With the wealth of inspiration that the homeliness of Christmas offers, Easter can appear to be literature’s second-string festival. As a festival, Easter offers real drama. It begins with triumph, goes through betrayal, despair, suffering and for believer’s it culminates in great triumph. For a novelist it offers a great symbolic journey, which as well as being the journey of a great man is the journey of humanity. As well as the religious symbolism of Easter the idea of becoming new is very potent, the idea of being born again and beginning afresh.

The word Easter comes from a Germanic word that is cognate with “east”, and therefore with dawn, pointing to the spirit of new beginnings which Easter represents. Benjamin Disraeli coined the term for celebrating Easter, so however you’re Eastering this weekend there are no shortage of literary works inspired by Easter to keep you company.

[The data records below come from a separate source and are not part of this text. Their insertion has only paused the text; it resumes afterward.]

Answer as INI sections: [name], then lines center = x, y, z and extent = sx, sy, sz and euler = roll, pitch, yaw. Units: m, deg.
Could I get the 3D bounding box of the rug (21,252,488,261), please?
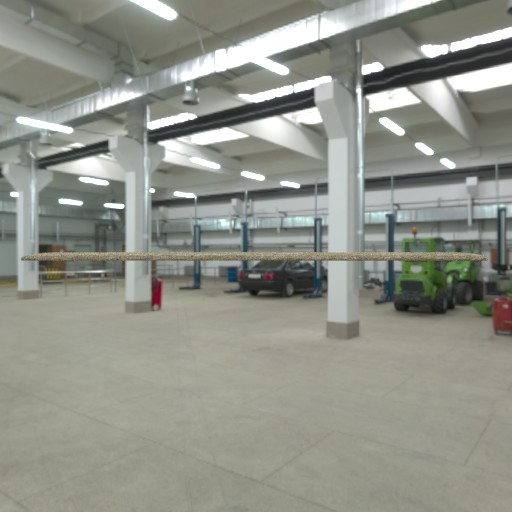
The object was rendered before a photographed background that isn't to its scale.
[rug]
center = 0.000, 0.000, 3.733
extent = 2.873, 0.050, 2.242
euler = 0, 0, 1
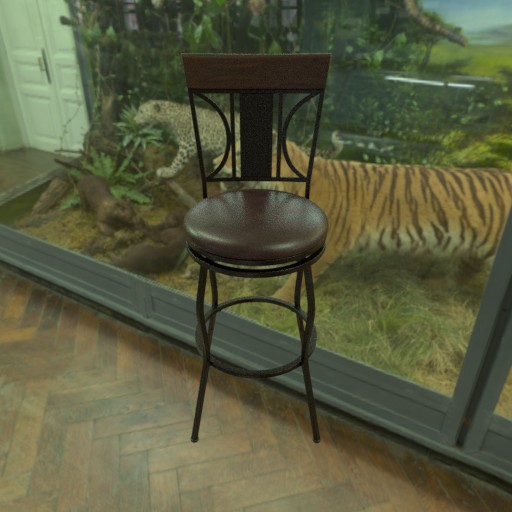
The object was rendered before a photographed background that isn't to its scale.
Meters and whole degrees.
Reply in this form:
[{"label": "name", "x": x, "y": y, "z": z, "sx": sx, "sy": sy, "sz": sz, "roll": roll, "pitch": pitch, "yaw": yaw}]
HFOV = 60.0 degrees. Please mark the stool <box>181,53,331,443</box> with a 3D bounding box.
[{"label": "stool", "x": 0.000, "y": 0.000, "z": 1.404, "sx": 0.448, "sy": 1.130, "sz": 0.513, "roll": 0, "pitch": 30, "yaw": 0}]
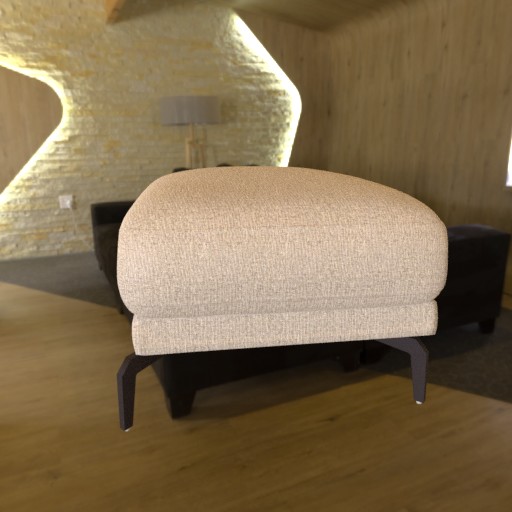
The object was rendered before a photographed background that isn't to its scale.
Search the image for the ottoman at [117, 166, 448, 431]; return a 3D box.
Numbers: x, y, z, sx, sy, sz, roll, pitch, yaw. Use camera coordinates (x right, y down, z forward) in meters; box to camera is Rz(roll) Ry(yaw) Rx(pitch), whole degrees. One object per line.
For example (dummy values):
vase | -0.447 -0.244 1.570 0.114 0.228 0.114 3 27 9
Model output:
ottoman | 0.000 0.000 1.065 0.568 0.420 0.772 -2 14 -9
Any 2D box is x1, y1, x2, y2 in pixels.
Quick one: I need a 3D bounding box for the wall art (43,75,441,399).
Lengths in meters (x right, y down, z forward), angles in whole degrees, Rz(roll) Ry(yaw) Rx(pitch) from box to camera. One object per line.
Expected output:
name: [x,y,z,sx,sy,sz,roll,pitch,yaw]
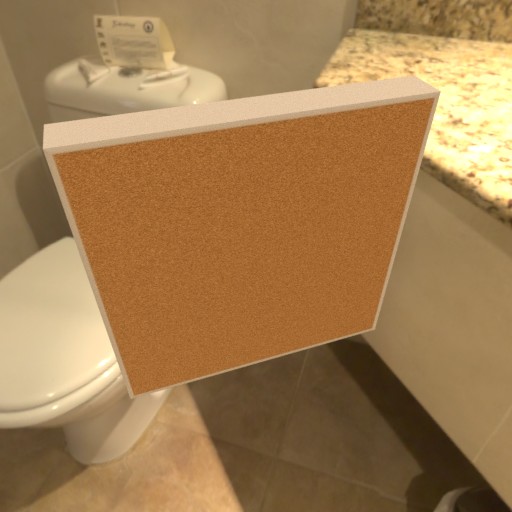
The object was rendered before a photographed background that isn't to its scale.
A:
wall art: [0.000,0.000,0.439,0.305,0.304,0.038,-13,43,-14]
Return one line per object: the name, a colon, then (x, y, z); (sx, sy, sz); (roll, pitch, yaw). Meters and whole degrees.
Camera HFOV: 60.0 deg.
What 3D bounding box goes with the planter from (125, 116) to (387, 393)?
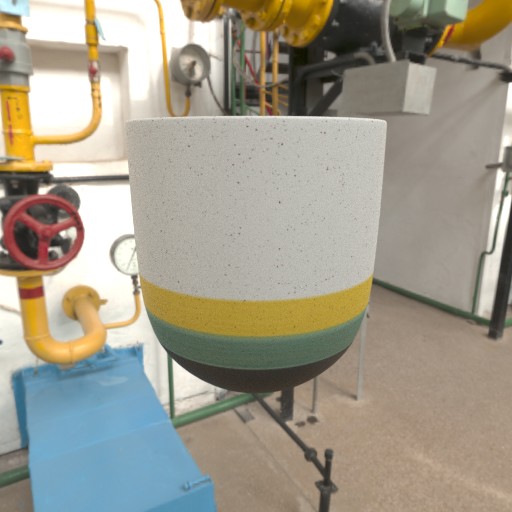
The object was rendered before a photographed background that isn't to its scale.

The Sound and the Fury by William Faulkner
Faulkner took the title for this novel from the Macbeth speech where Macbeth laments the futility of life being a “ tale, told by an idiot, full of sound and fury, signifying nothing”.

It opens inside the mind of the “idiot,”Benjy Compson, a 33-year-old man who has the mind of a small child. More than any other modern masterpiece Easter is pivotal to the novel’s architecture and plot. Three of the four parts of Faulkner’s magnum opus are set on the Easter weekend of 1928, with the final part occurring on Easter Sunday. In the novel, several characters experience parallels with Christ’s death and/or his resurrection. Friday’s narration is by Jason, the cruel, sadistic male heir of the Compsons whose malevolence is in stark contrast to Christ’s forgiveness and love. Holy Saturday marks its narrator Benjy’s birthday as he turns 33; Jesus Christ died at age 33. Benjy may be seen as a Christ figure, cast aside as an idiot and made impotent by modern society. The deaths of Quentin and Mr Compson, the loss of Caddy’s virginity, and the deterioration of the Compson family may all be viewed through the lens of Christ’s death and resurrection.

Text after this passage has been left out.